In all SOFA simulations, i.e. using any animation loop, the collision phase is done separately from the physics simulation, and usually before the call to the solvers.
Collision detection is split in several phases, each implemented in a different component, and organized using a collision pipeline component.
The collision pipeline follows two steps: 1. a collision detection 2. a collision response
In PipelineImpl.h you can find the three associated functions:
/// Remove collision response from last step virtual void computeCollisionReset(); /// Detect new collisions. Note that this step must not modify the simulation graph virtual void computeCollisionDetection(); /// Add collision response in the simulation graph virtual void computeCollisionResponse();
The collision detection is usually divided into two detection steps: – a broad phase – a narrow phase
The broad phase uses the bounding boxes of each object with a collision model and checks whether these boxes collide or not. Inaccurate but efficient, this first step allows to quickly detect a supposed collision. As output, the broad phase returns pairs of colliding bounding boxes. Among the broad phase
The narrow phase of detection can rely on different intersection methods that use collision models to detect a contact.Note that different collision models are available to detect a contact: – using primitives: point, line, triangle, sphere, cube, cylinder or oriented bounding boxes (OBB) – using distance grid, associated to each object in the scene – using ray casting: that send rays in the volume of simulation to compute a volume of intersection
The different intersection methods available in SOFA are: – DiscreteIntersection : contact created when collision elements are intersecting, not fitted to surfacic collision models – MinProximityIntersection : contact created when collision elements are close to each other, optimized for meshes – NewProximityIntersection : contact created when collision elements are close to each other, not optimized for meshes – RayDiscreteIntersection : dedicated to ray casting method
As output, the narrow phase returns pairs of geometric primitives with the corresponding collision points.

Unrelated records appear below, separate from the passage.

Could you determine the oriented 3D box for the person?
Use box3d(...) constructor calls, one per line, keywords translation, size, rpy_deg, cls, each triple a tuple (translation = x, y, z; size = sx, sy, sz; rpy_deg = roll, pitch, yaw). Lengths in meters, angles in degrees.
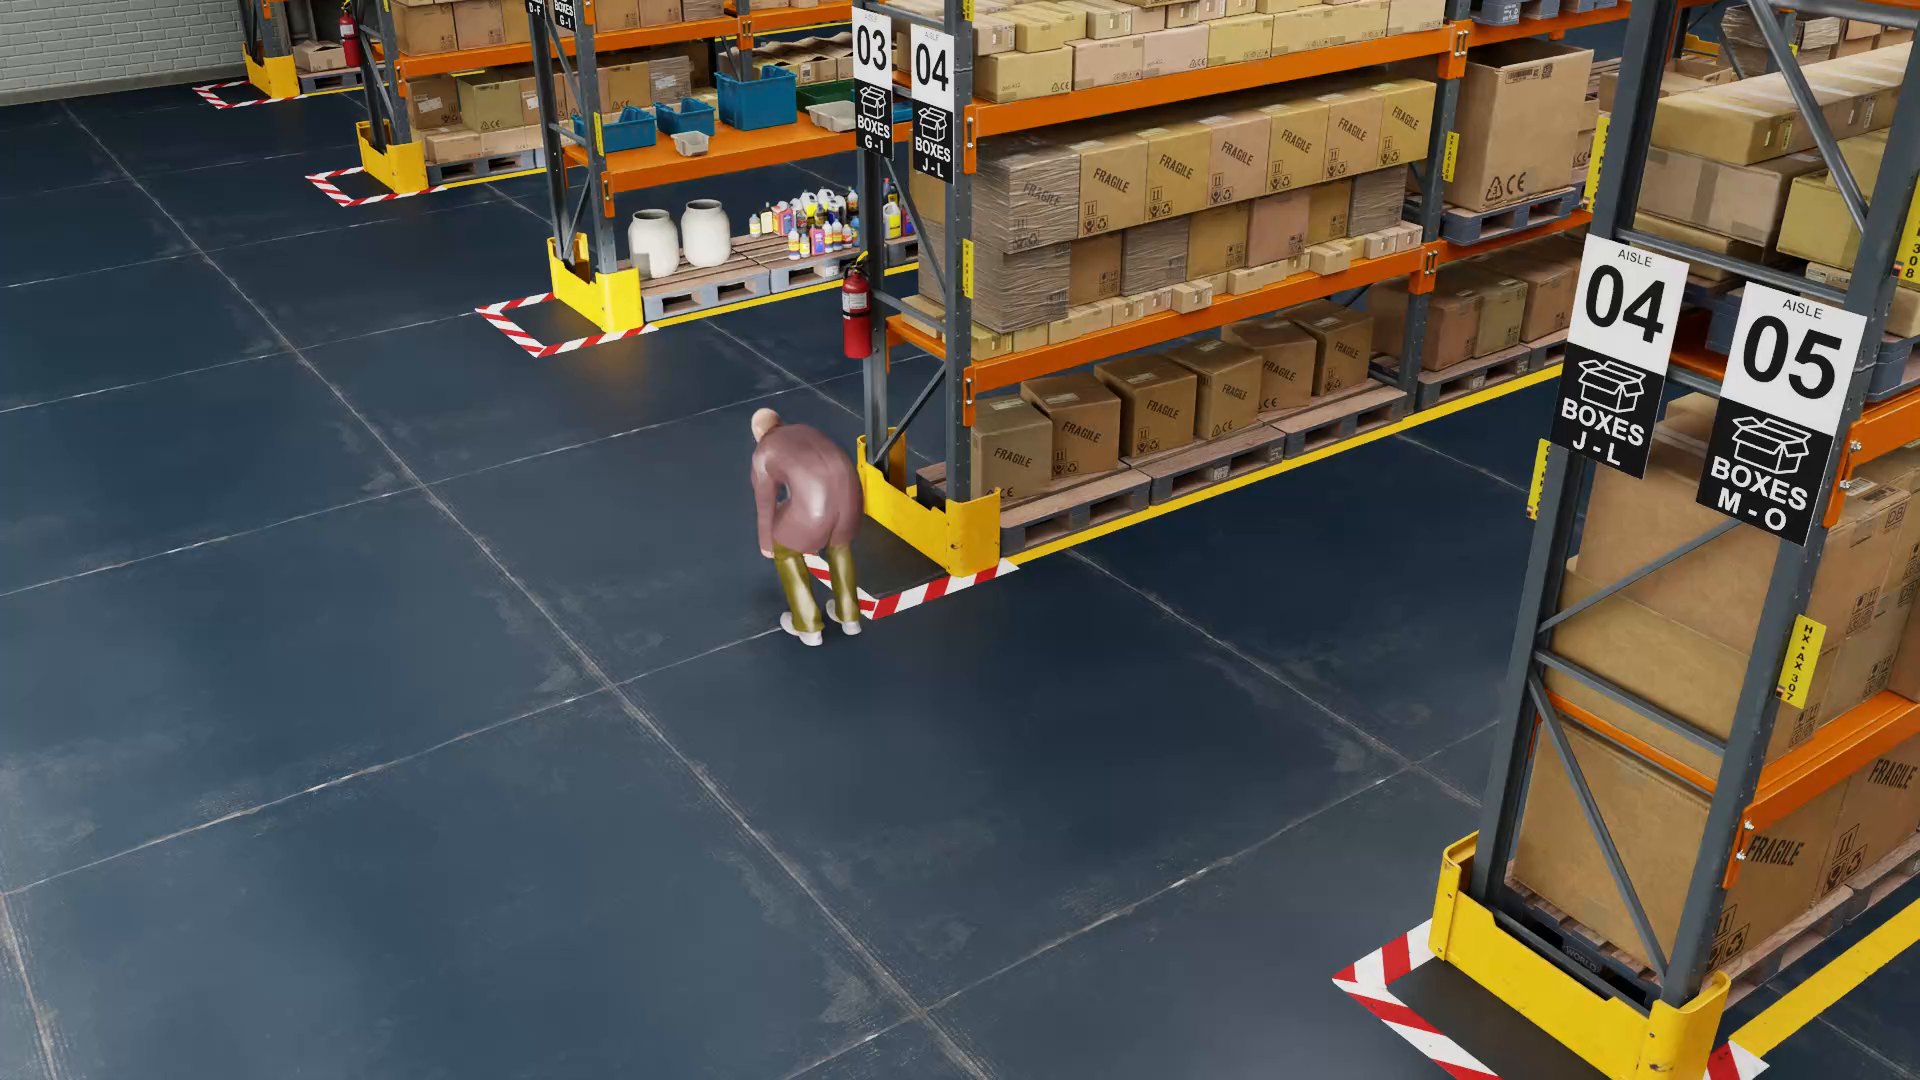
box3d(translation=(-0.827, -0.302, 9.210), size=(0.527, 1.776, 0.576), rpy_deg=(-16, 32, -27), cls="person")
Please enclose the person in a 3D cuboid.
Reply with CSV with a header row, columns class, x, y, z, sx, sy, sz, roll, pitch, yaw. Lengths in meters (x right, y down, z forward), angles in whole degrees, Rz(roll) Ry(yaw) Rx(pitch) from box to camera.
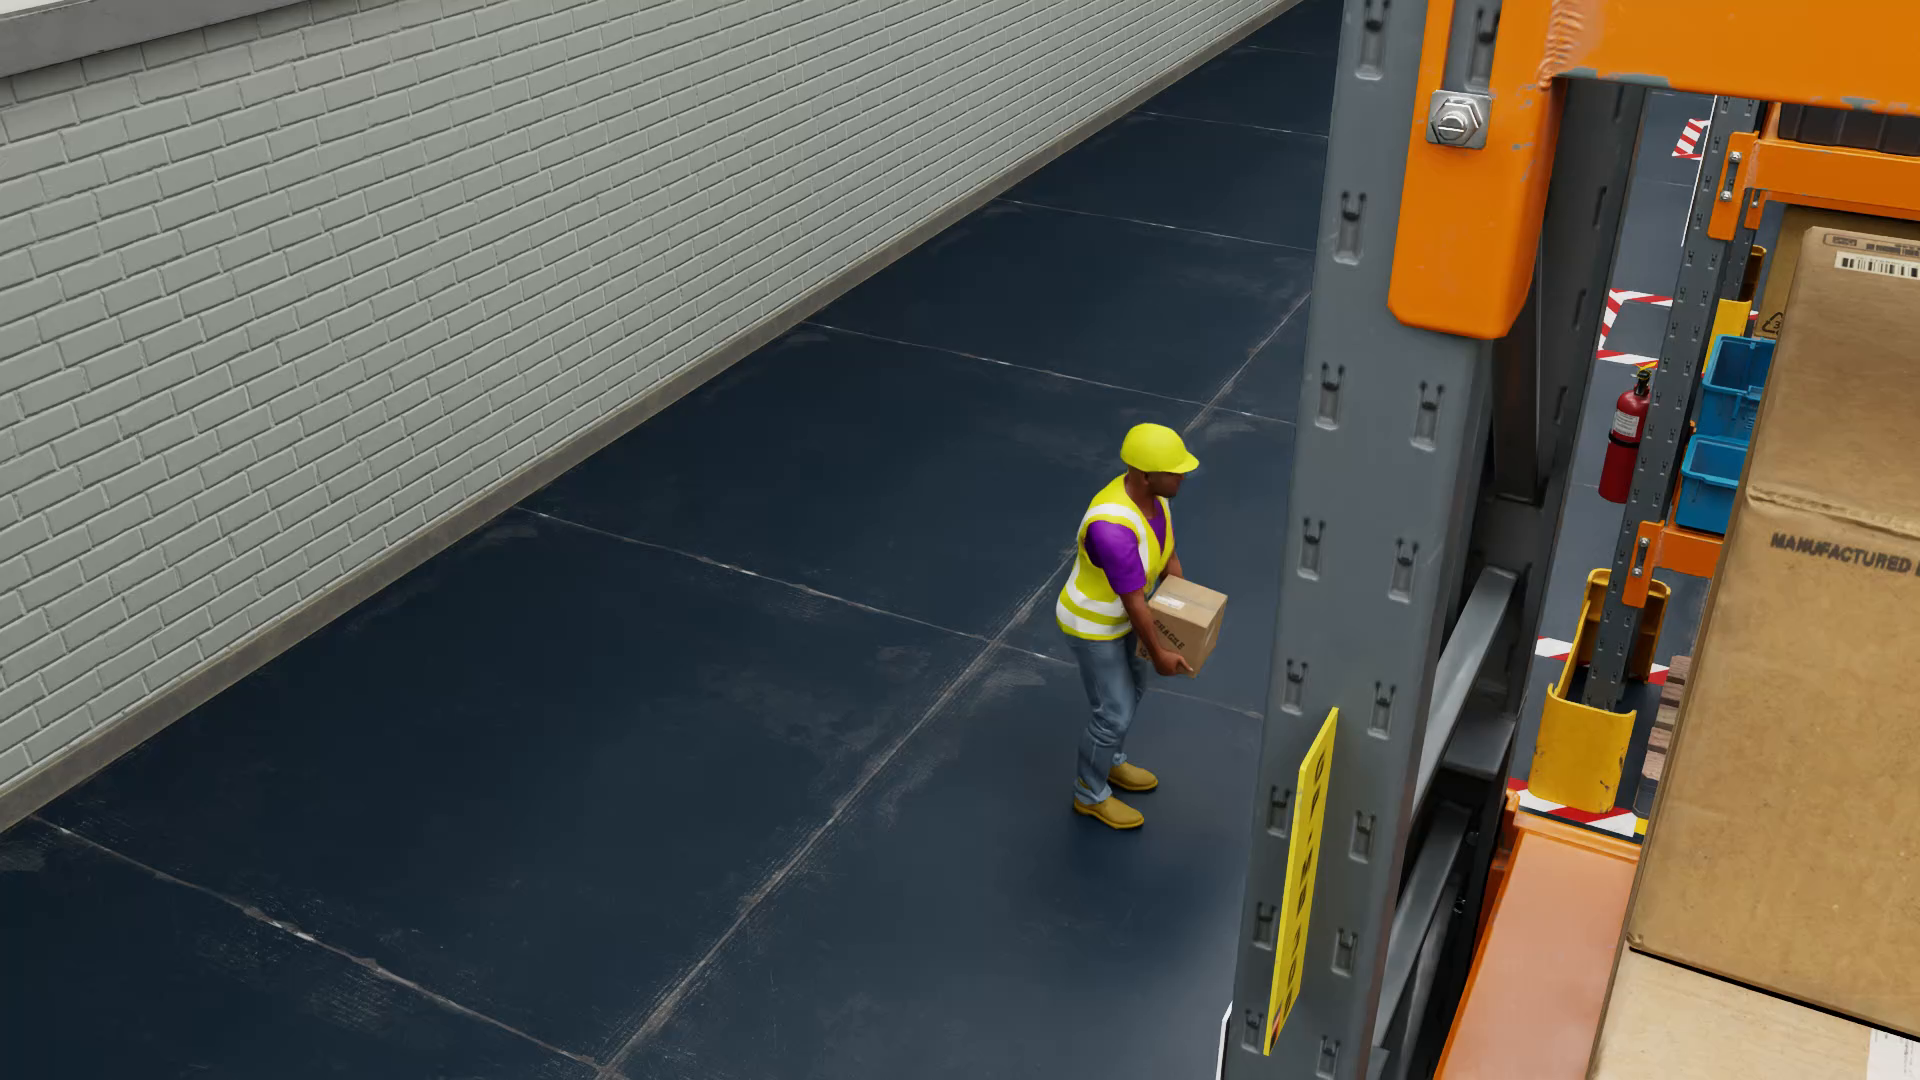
class,x,y,z,sx,sy,sz,roll,pitch,yaw
person,0.685,0.323,6.544,0.557,1.763,0.505,14,33,23

The colliding models returned by the narrow phase are finally given to the contact manager, which creates contact interactions of various types based on customizable rules. You can specify which one you want to use in the DefaultContactManager. Repulsion has been implemented based on penalties or on constraints using Lagrange multipliers, and is processed by the solvers together with the other forces and constraints.
When stiff contact penalties or contact constraints are created by the contact manager, an optional GroupManager component is used to create interaction groups handled by a common solver. When contacts disappear, interaction groups can be split to keep them as small as possible. The scenegraph structure thus changes along with the interaction groups.
Just as a notice, it is possible to create group of contact, create integration groups. Given a set of contacts, the CollisionGroupManager allows this. Contacts between models define a graph: by creating contact groups, the collision resolution will process each graph (i.e. collision group) separately.
Last modified: 14 May 2020